2) Paying for performance makes a big difference in developer productivity. That why startups get so much done - they live or die based on how hard and more importantly, how effectively they work. As we've grown from a couple developers to over twenty developers, I think our pace has slowed. I'd like to see it more like the early days.

3) The best sales people can make 2X what a developer makes. As a developer, it would be nice to be able to make that much money. But the company cannot do that right now, because it cannot accurately measure my performance.



20 developers has lower productivity for a lot more reasons than individual incentives. This has been widely recognized since The Mythical Man-Month.

Concrete data point for you that I ran across in Software Estimation by Steve McConnell. The average team of 5-8 programmers can get a medium sized project done in the same calendar time as a team of 20 programmers. As teams grow beyond 20 programmers, total throughput improves. This is from a study with project side measured in lines of code. There is every reason to believe that the larger team has more reinvention within their project, and therefore their project of equivalent size has less functionality.
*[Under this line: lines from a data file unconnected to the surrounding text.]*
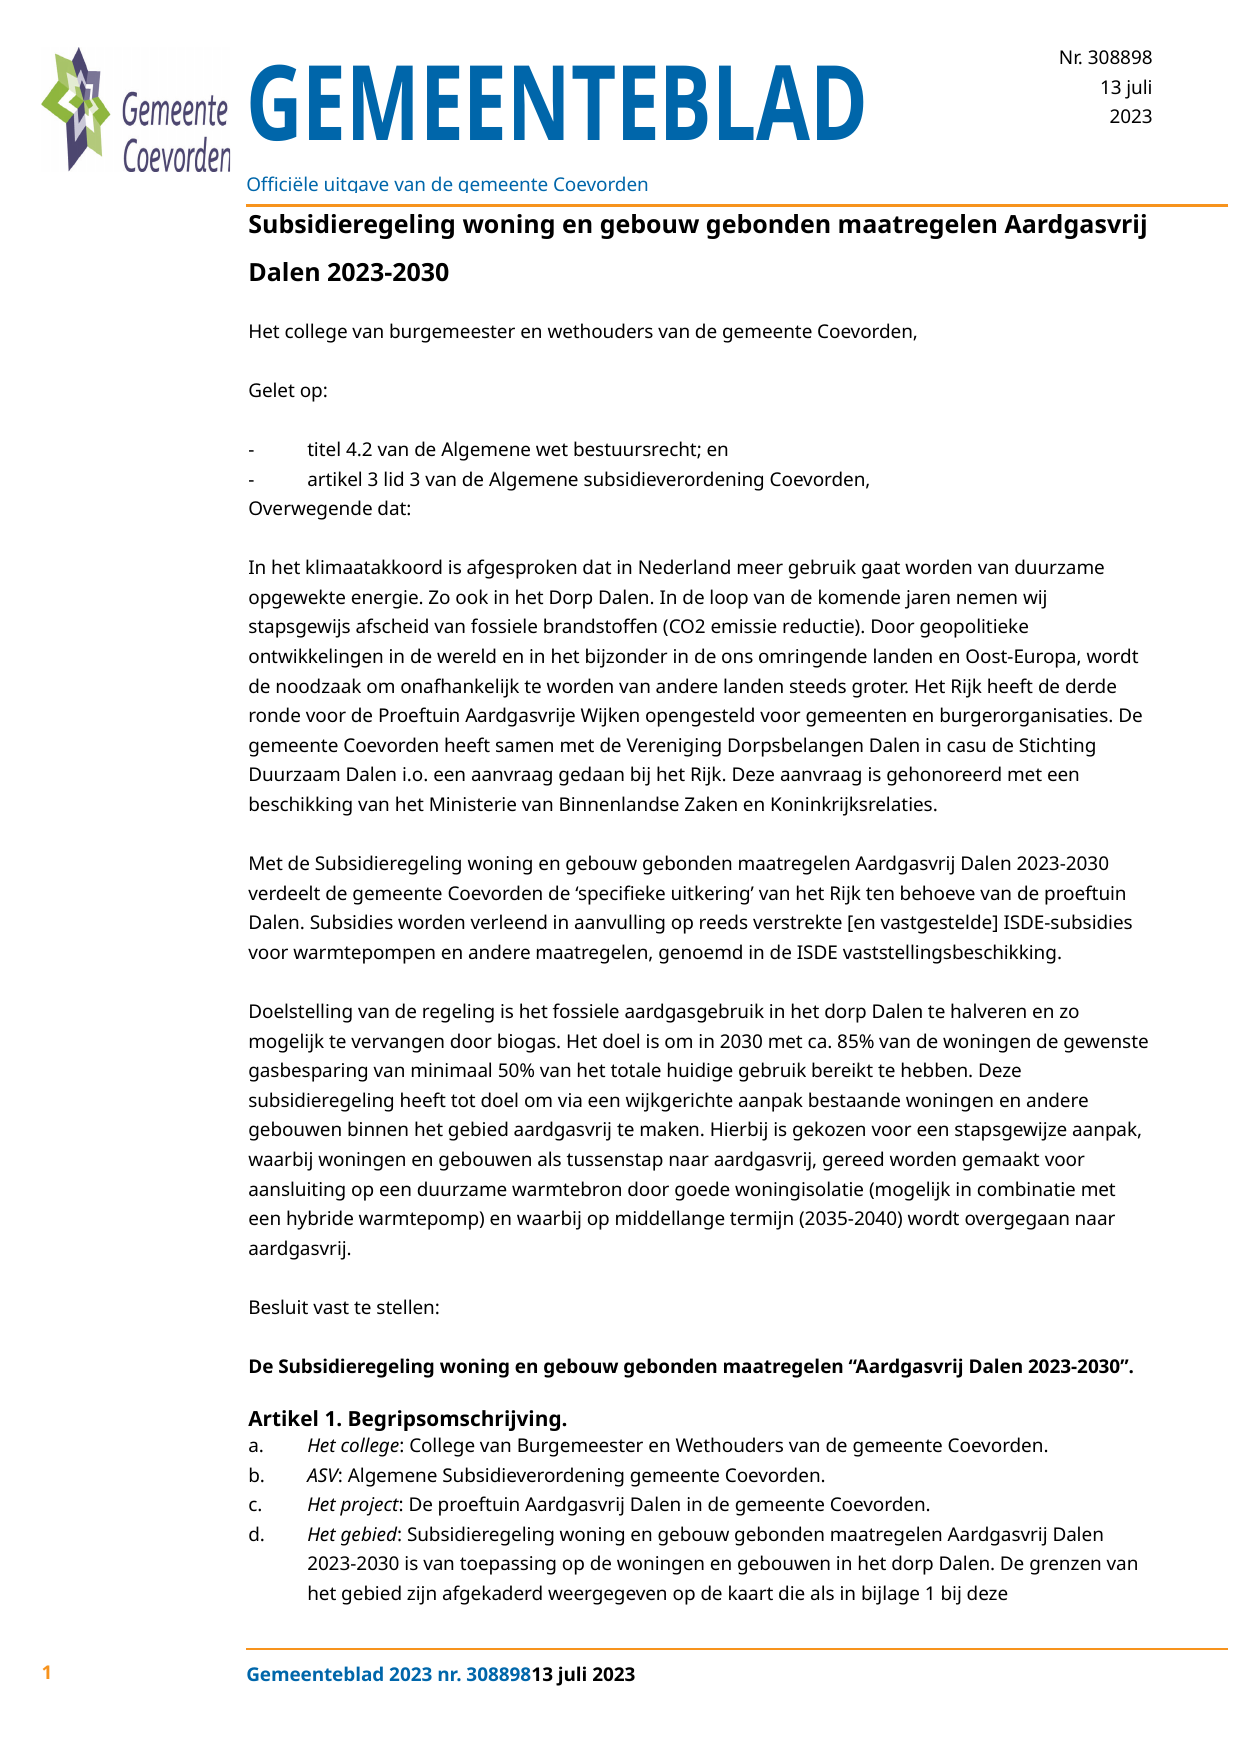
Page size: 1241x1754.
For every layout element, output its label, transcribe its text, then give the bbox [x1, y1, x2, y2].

text Gelet op: [248, 377, 1152, 403]
text Het college van burgemeester en wethouders van de gemeente Coevorden, [248, 318, 1152, 344]
list Het college: College van Burgemeester en Wethouders van de gemeente Coevorden. [248, 1432, 1152, 1458]
list Het gebied: Subsidieregeling woning en gebouw gebonden maatregelen Aardgasvrij Dalen 2023-2030 is van toepassing op de woningen en gebouwen in het dorp Dalen. De grenzen van het gebied zijn afgekaderd weergegeven op de kaart die als in bijlage 1 bij deze [248, 1521, 1152, 1606]
text Overwegende dat: [248, 495, 1152, 521]
list artikel 3 lid 3 van de Algemene subsidieverordening Coevorden, [248, 466, 1152, 492]
list titel 4.2 van de Algemene wet bestuursrecht; en [248, 436, 1152, 462]
text De Subsidieregeling woning en gebouw gebonden maatregelen “Aardgasvrij Dalen 2023-2030”. [248, 1353, 1152, 1379]
text Subsidieregeling woning en gebouw gebonden maatregelen Aardgasvrij Dalen 2023-2030 [248, 207, 1152, 288]
list ASV: Algemene Subsidieverordening gemeente Coevorden. [248, 1462, 1152, 1487]
list Het project: De proeftuin Aardgasvrij Dalen in de gemeente Coevorden. [248, 1491, 1152, 1517]
text Besluit vast te stellen: [248, 1294, 1152, 1320]
picture [41, 47, 231, 172]
text Artikel 1. Begripsomschrijving. [248, 1404, 1152, 1432]
text Met de Subsidieregeling woning en gebouw gebonden maatregelen Aardgasvrij Dalen 2023-2030 verdeelt de gemeente Coevorden de ‘specifieke uitkering’ van het Rijk ten behoeve van de proeftuin Dalen. Subsidies worden verleend in aanvulling op reeds verstrekte [en vastgestelde] ISDE-subsidies voor warmtepompen en andere maatregelen, genoemd in de ISDE vaststellingsbeschikking. [248, 850, 1152, 965]
text In het klimaatakkoord is afgesproken dat in Nederland meer gebruik gaat worden van duurzame opgewekte energie. Zo ook in het Dorp Dalen. In de loop van de komende jaren nemen wij stapsgewijs afscheid van fossiele brandstoffen (CO2 emissie reductie). Door geopolitieke ontwikkelingen in de wereld en in het bijzonder in de ons omringende landen en Oost-Europa, wordt de noodzaak om onafhankelijk te worden van andere landen steeds groter. Het Rijk heeft de derde ronde voor de Proeftuin Aardgasvrije Wijken opengesteld voor gemeenten en burgerorganisaties. De gemeente Coevorden heeft samen met de Vereniging Dorpsbelangen Dalen in casu de Stichting Duurzaam Dalen i.o. een aanvraag gedaan bij het Rijk. Deze aanvraag is gehonoreerd met een beschikking van het Ministerie van Binnenlandse Zaken en Koninkrijksrelaties. [248, 554, 1152, 817]
text Doelstelling van de regeling is het fossiele aardgasgebruik in het dorp Dalen te halveren en zo mogelijk te vervangen door biogas. Het doel is om in 2030 met ca. 85% van de woningen de gewenste gasbesparing van minimaal 50% van het totale huidige gebruik bereikt te hebben. Deze subsidieregeling heeft tot doel om via een wijkgerichte aanpak bestaande woningen en andere gebouwen binnen het gebied aardgasvrij te maken. Hierbij is gekozen voor een stapsgewijze aanpak, waarbij woningen en gebouwen als tussenstap naar aardgasvrij, gereed worden gemaakt voor aansluiting op een duurzame warmtebron door goede woningisolatie (mogelijk in combinatie met een hybride warmtepomp) en waarbij op middellange termijn (2035-2040) wordt overgegaan naar aardgasvrij. [248, 998, 1152, 1261]

The fundamental reason has to do with lines of communication. As you add a person to a team, the number of lines of communication you add is the size of the team. At some point people take up more energy from others than they contribute useful work themselves. There are a myriad of organizational techniques which try to mitigate this problem, but all suffer from the defect that they force people to use less productive forms of communication (for instance writing documents that can be read by many others), and therefore lower individual productivity.
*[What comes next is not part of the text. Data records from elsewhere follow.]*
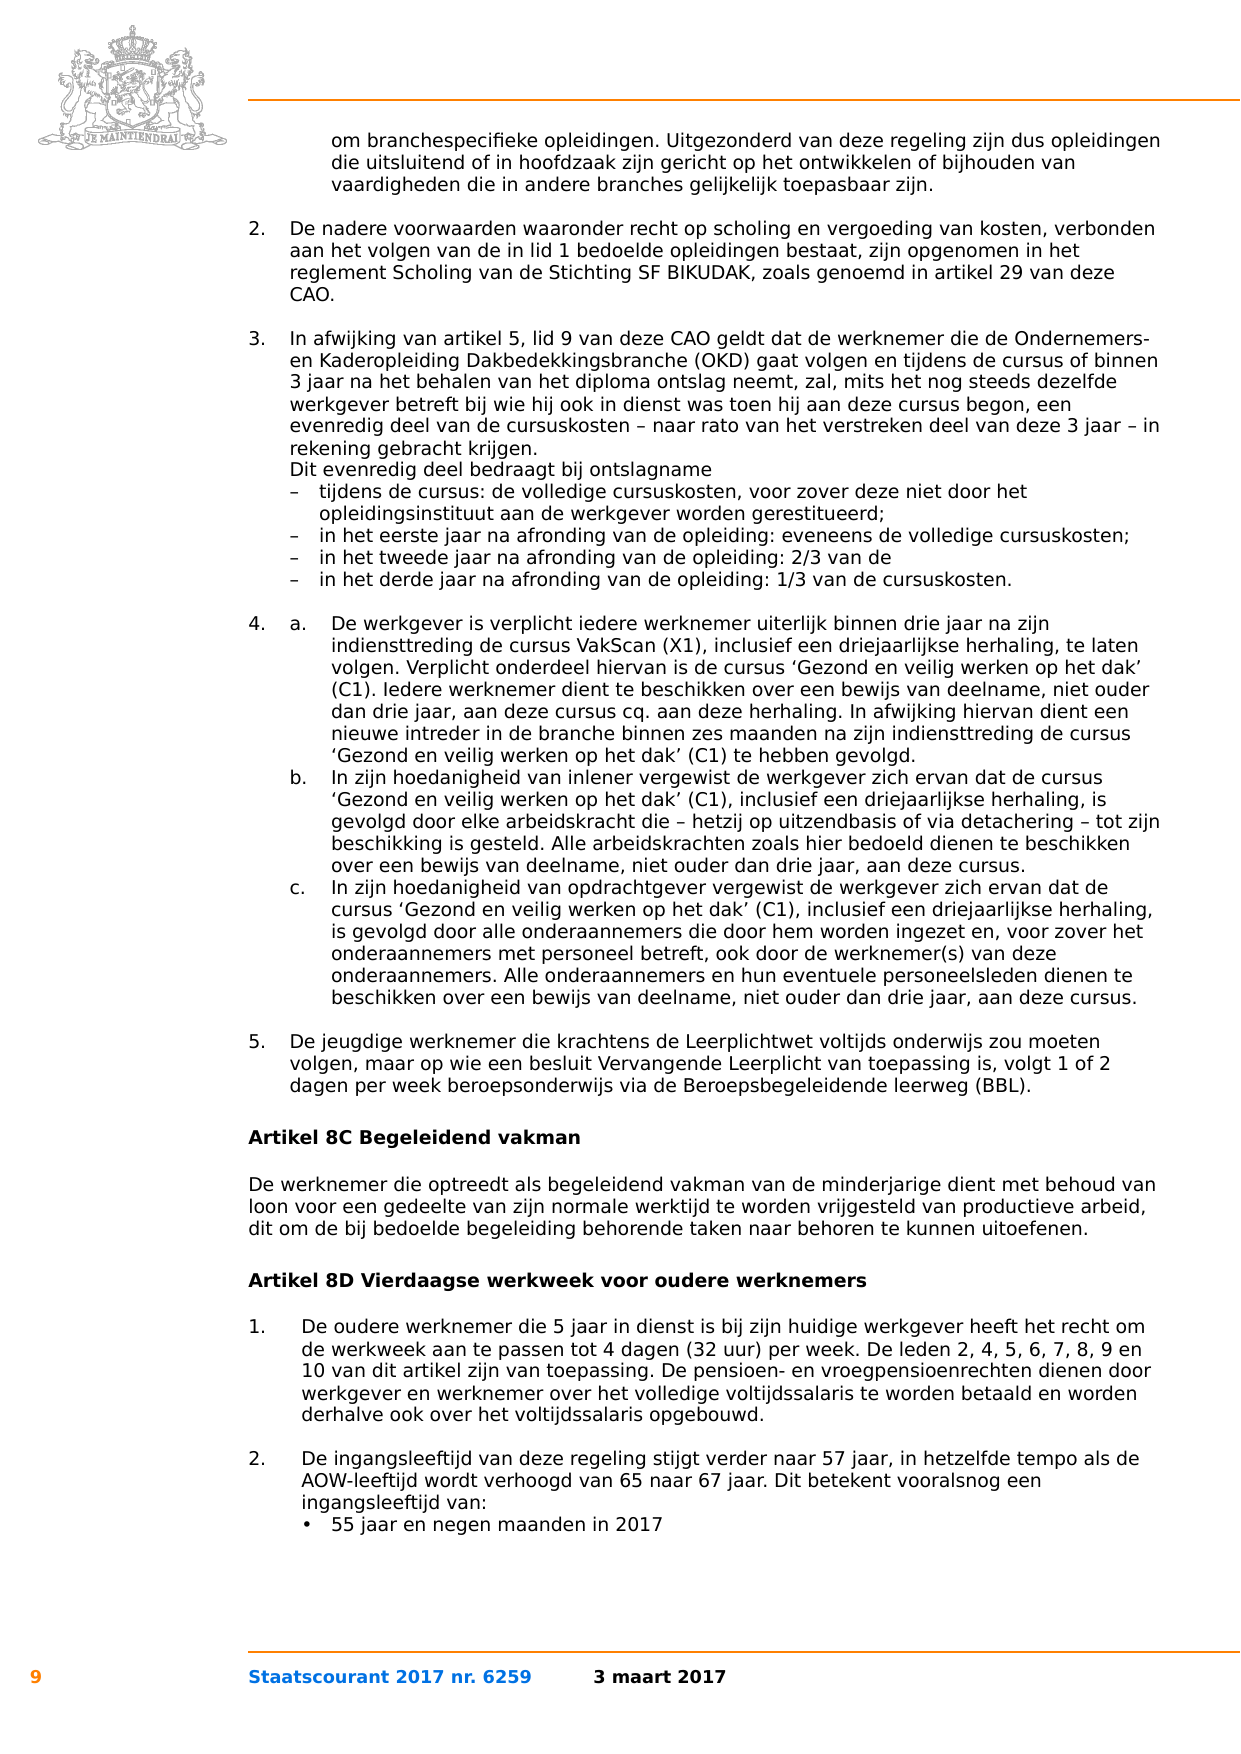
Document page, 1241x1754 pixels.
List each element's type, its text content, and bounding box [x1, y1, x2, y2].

text 1. De oudere werknemer die 5 jaar in dienst is bij zijn huidige werkgever heeft het recht om de werkweek aan te passen tot 4 dagen (32 uur) per week. De leden 2, 4, 5, 6, 7, 8, 9 en 10 van dit artikel zijn van toepassing. De pensioen- en vroegpensioenrechten dienen door werkgever en werknemer over het volledige voltijdssalaris te worden betaald en worden derhalve ook over het voltijdssalaris opgebouwd. [248, 1316, 1163, 1426]
text 2. De nadere voorwaarden waaronder recht op scholing en vergoeding van kosten, verbonden aan het volgen van de in lid 1 bedoelde opleidingen bestaat, zijn opgenomen in het reglement Scholing van de Stichting SF BIKUDAK, zoals genoemd in artikel 29 van deze CAO. [248, 218, 1163, 306]
text om branchespecifieke opleidingen. Uitgezonderd van deze regeling zijn dus opleidingen die uitsluitend of in hoofdzaak zijn gericht op het ontwikkelen of bijhouden van vaardigheden die in andere branches gelijkelijk toepasbaar zijn. [289, 130, 1163, 196]
text 5. De jeugdige werknemer die krachtens de Leerplichtwet voltijds onderwijs zou moeten volgen, maar op wie een besluit Vervangende Leerplicht van toepassing is, volgt 1 of 2 dagen per week beroepsonderwijs via de Beroepsbegeleidende leerweg (BBL). [248, 1031, 1163, 1097]
text – tijdens de cursus: de volledige cursuskosten, voor zover deze niet door het opleidingsinstituut aan de werkgever worden gerestitueerd; [289, 481, 1163, 525]
text b. In zijn hoedanigheid van inlener vergewist de werkgever zich ervan dat de cursus ‘Gezond en veilig werken op het dak’ (C1), inclusief een driejaarlijkse herhaling, is gevolgd door elke arbeidskracht die – hetzij op uitzendbasis of via detachering – tot zijn beschikking is gesteld. Alle arbeidskrachten zoals hier bedoeld dienen te beschikken over een bewijs van deelname, niet ouder dan drie jaar, aan deze cursus. [289, 767, 1163, 877]
text c. In zijn hoedanigheid van opdrachtgever vergewist de werkgever zich ervan dat de cursus ‘Gezond en veilig werken op het dak’ (C1), inclusief een driejaarlijkse herhaling, is gevolgd door alle onderaannemers die door hem worden ingezet en, voor zover het onderaannemers met personeel betreft, ook door de werknemer(s) van deze onderaannemers. Alle onderaannemers en hun eventuele personeelsleden dienen te beschikken over een bewijs van deelname, niet ouder dan drie jaar, aan deze cursus. [289, 877, 1163, 1009]
subtitle Artikel 8D Vierdaagse werkweek voor oudere werknemers [248, 1269, 1163, 1291]
text – in het tweede jaar na afronding van de opleiding: 2/3 van de [289, 547, 1163, 569]
subtitle Artikel 8C Begeleidend vakman [248, 1127, 1163, 1148]
picture [38, 25, 227, 150]
text 2. De ingangsleeftijd van deze regeling stijgt verder naar 57 jaar, in hetzelfde tempo als de AOW-leeftijd wordt verhoogd van 65 naar 67 jaar. Dit betekent vooralsnog een ingangsleeftijd van: [248, 1448, 1163, 1514]
text – in het derde jaar na afronding van de opleiding: 1/3 van de cursuskosten. [289, 569, 1163, 591]
text • 55 jaar en negen maanden in 2017 [301, 1514, 1163, 1536]
text Dit evenredig deel bedraagt bij ontslagname [289, 459, 1163, 481]
text – in het eerste jaar na afronding van de opleiding: eveneens de volledige cursuskosten; [289, 525, 1163, 547]
text De werknemer die optreedt als begeleidend vakman van de minderjarige dient met behoud van loon voor een gedeelte van zijn normale werktijd te worden vrijgesteld van productieve arbeid, dit om de bij bedoelde begeleiding behorende taken naar behoren te kunnen uitoefenen. [248, 1173, 1163, 1239]
text 4. a. De werkgever is verplicht iedere werknemer uiterlijk binnen drie jaar na zijn indiensttreding de cursus VakScan (X1), inclusief een driejaarlijkse herhaling, te laten volgen. Verplicht onderdeel hiervan is de cursus ‘Gezond en veilig werken op het dak’ (C1). Iedere werknemer dient te beschikken over een bewijs van deelname, niet ouder dan drie jaar, aan deze cursus cq. aan deze herhaling. In afwijking hiervan dient een nieuwe intreder in de branche binnen zes maanden na zijn indiensttreding de cursus ‘Gezond en veilig werken op het dak’ (C1) te hebben gevolgd. [248, 613, 1163, 767]
text 3. In afwijking van artikel 5, lid 9 van deze CAO geldt dat de werknemer die de Ondernemers- en Kaderopleiding Dakbedekkingsbranche (OKD) gaat volgen en tijdens de cursus of binnen 3 jaar na het behalen van het diploma ontslag neemt, zal, mits het nog steeds dezelfde werkgever betreft bij wie hij ook in dienst was toen hij aan deze cursus begon, een evenredig deel van de cursuskosten – naar rato van het verstreken deel van deze 3 jaar – in rekening gebracht krijgen. [248, 327, 1163, 459]

Therefore if you've got 20 developers you should seriously consider going back to a small team, find a way to partition them into groups with minimal interactions, or scale your organization up until you have a lot more developers than that. The first two try to solve organizational problems that lead to low throughput, the last accepts the issues but lets you tackle problems that the small team couldn't.

Another random suggestion. If you're interested in productivity, pick up a copy of Peopleware and Rapid Development, read them, and pick a set of best practices to try.


We already have teams of 3-4 developers, working on separate projects with minimal interactions. If we didn't do that we would be thrashing. We're aware of the Peopleware/Mythical Man Month issue.

But still, I think we could do better. Working based on hitting external goals adds invaluable focus to a team.


1) I think this is just a symptom of bad management. Again, I'm not arguing that the market situation is optimal for individual companies, just that equilibrium is reached in the market as a whole, more or less. Sometimes this is accomplished by companies with poor management going out of business because they can't accurately judge the priorities of projects.

2) I think there's a lot of reasons that startups get more done, like just having fewer people.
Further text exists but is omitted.